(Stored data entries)
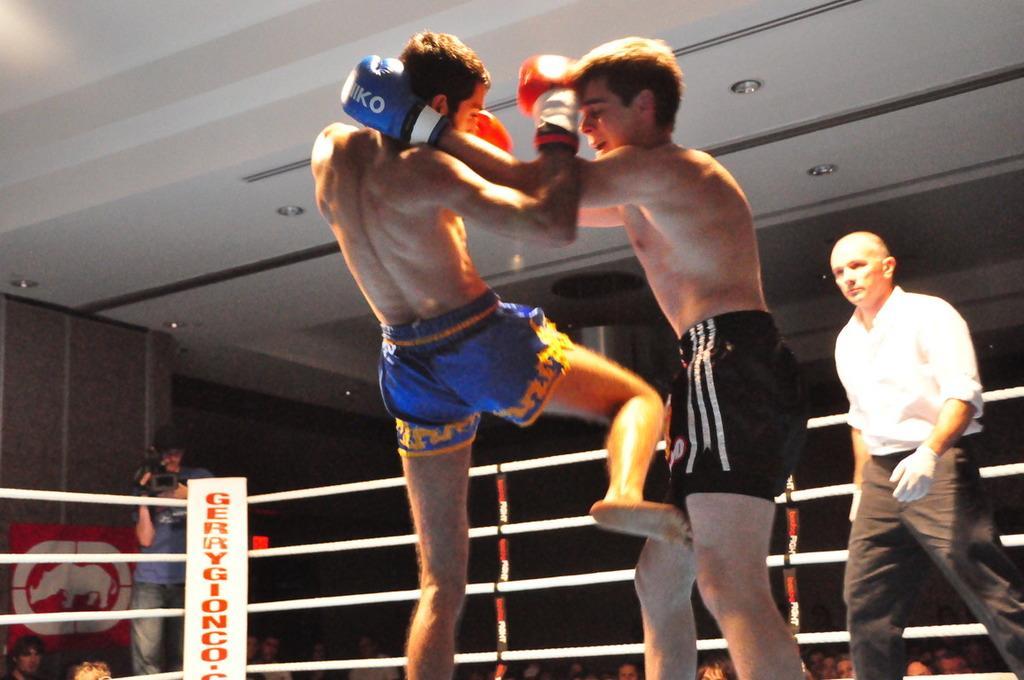Can you describe this image briefly? In this picture we can see three men wore gloves and standing in a boxing ring and in the background we can see a group of people and a man holding a camera with his hands and standing, poster on the wall and some objects. 
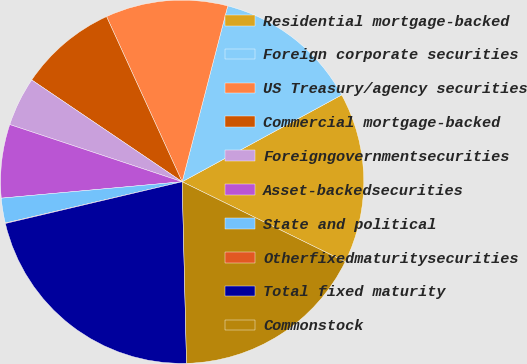Convert chart. <chart><loc_0><loc_0><loc_500><loc_500><pie_chart><fcel>Residential mortgage-backed<fcel>Foreign corporate securities<fcel>US Treasury/agency securities<fcel>Commercial mortgage-backed<fcel>Foreigngovernmentsecurities<fcel>Asset-backedsecurities<fcel>State and political<fcel>Otherfixedmaturitysecurities<fcel>Total fixed maturity<fcel>Commonstock<nl><fcel>15.19%<fcel>13.03%<fcel>10.87%<fcel>8.7%<fcel>4.37%<fcel>6.54%<fcel>2.21%<fcel>0.04%<fcel>21.69%<fcel>17.36%<nl></chart> 
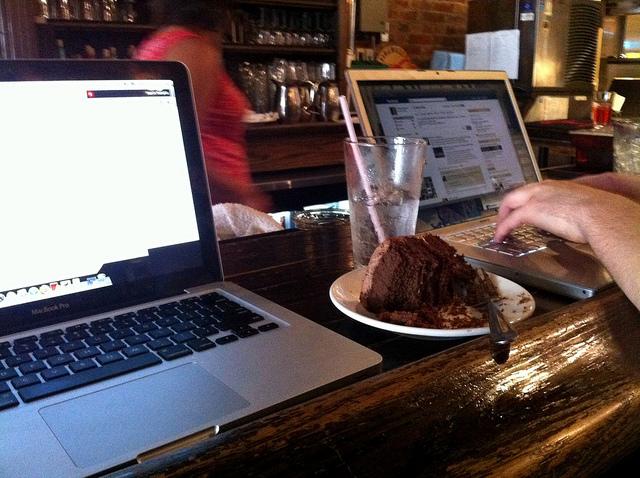Are these laptops for sale?
Write a very short answer. No. What are the laptops?
Concise answer only. Computers. What are they drinking?
Be succinct. Water. Where are these laptops?
Keep it brief. Bar. 
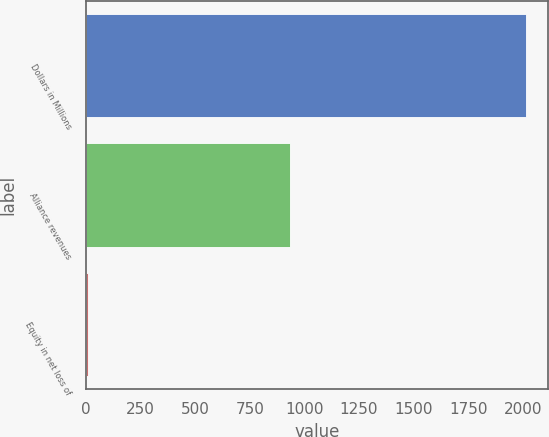Convert chart. <chart><loc_0><loc_0><loc_500><loc_500><bar_chart><fcel>Dollars in Millions<fcel>Alliance revenues<fcel>Equity in net loss of<nl><fcel>2016<fcel>934<fcel>12<nl></chart> 
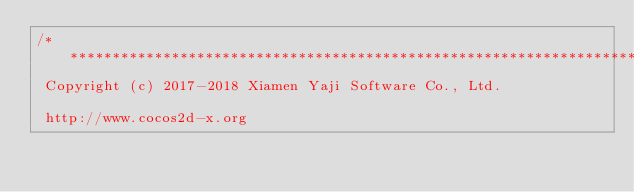<code> <loc_0><loc_0><loc_500><loc_500><_C_>/****************************************************************************
 Copyright (c) 2017-2018 Xiamen Yaji Software Co., Ltd.
 
 http://www.cocos2d-x.org
 </code> 
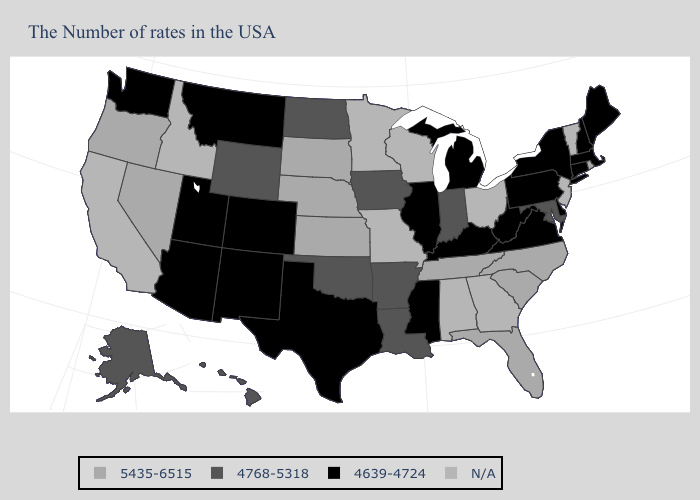What is the value of West Virginia?
Write a very short answer. 4639-4724. Name the states that have a value in the range 5435-6515?
Write a very short answer. Rhode Island, North Carolina, South Carolina, Florida, Tennessee, Kansas, Nebraska, South Dakota, Nevada, Oregon. Name the states that have a value in the range 4768-5318?
Short answer required. Maryland, Indiana, Louisiana, Arkansas, Iowa, Oklahoma, North Dakota, Wyoming, Alaska, Hawaii. What is the highest value in the Northeast ?
Be succinct. 5435-6515. Does the map have missing data?
Keep it brief. Yes. Is the legend a continuous bar?
Quick response, please. No. Name the states that have a value in the range 4639-4724?
Quick response, please. Maine, Massachusetts, New Hampshire, Connecticut, New York, Delaware, Pennsylvania, Virginia, West Virginia, Michigan, Kentucky, Illinois, Mississippi, Texas, Colorado, New Mexico, Utah, Montana, Arizona, Washington. What is the lowest value in states that border Arizona?
Quick response, please. 4639-4724. What is the highest value in states that border Oklahoma?
Concise answer only. 5435-6515. Does Maine have the lowest value in the Northeast?
Concise answer only. Yes. Is the legend a continuous bar?
Give a very brief answer. No. Which states have the lowest value in the Northeast?
Concise answer only. Maine, Massachusetts, New Hampshire, Connecticut, New York, Pennsylvania. Which states have the lowest value in the Northeast?
Short answer required. Maine, Massachusetts, New Hampshire, Connecticut, New York, Pennsylvania. Name the states that have a value in the range 5435-6515?
Write a very short answer. Rhode Island, North Carolina, South Carolina, Florida, Tennessee, Kansas, Nebraska, South Dakota, Nevada, Oregon. What is the value of Connecticut?
Be succinct. 4639-4724.

Work instruction | Please transcribe exactly the lines above from the line that has "Be succinct. 5435-6515." up to and including the line that has "Short answer required. Maine, Massachusetts, New"; no other line belongs in the answer.

Solution to this problem |
Be succinct. 5435-6515. Does the map have missing data?
Keep it brief. Yes. Is the legend a continuous bar?
Quick response, please. No. Name the states that have a value in the range 4639-4724?
Quick response, please. Maine, Massachusetts, New Hampshire, Connecticut, New York, Delaware, Pennsylvania, Virginia, West Virginia, Michigan, Kentucky, Illinois, Mississippi, Texas, Colorado, New Mexico, Utah, Montana, Arizona, Washington. What is the lowest value in states that border Arizona?
Quick response, please. 4639-4724. What is the highest value in states that border Oklahoma?
Concise answer only. 5435-6515. Does Maine have the lowest value in the Northeast?
Concise answer only. Yes. Is the legend a continuous bar?
Give a very brief answer. No. Which states have the lowest value in the Northeast?
Concise answer only. Maine, Massachusetts, New Hampshire, Connecticut, New York, Pennsylvania. Which states have the lowest value in the Northeast?
Short answer required. Maine, Massachusetts, New Hampshire, Connecticut, New York, Pennsylvania. Name the states that have a value in the range 5435-6515?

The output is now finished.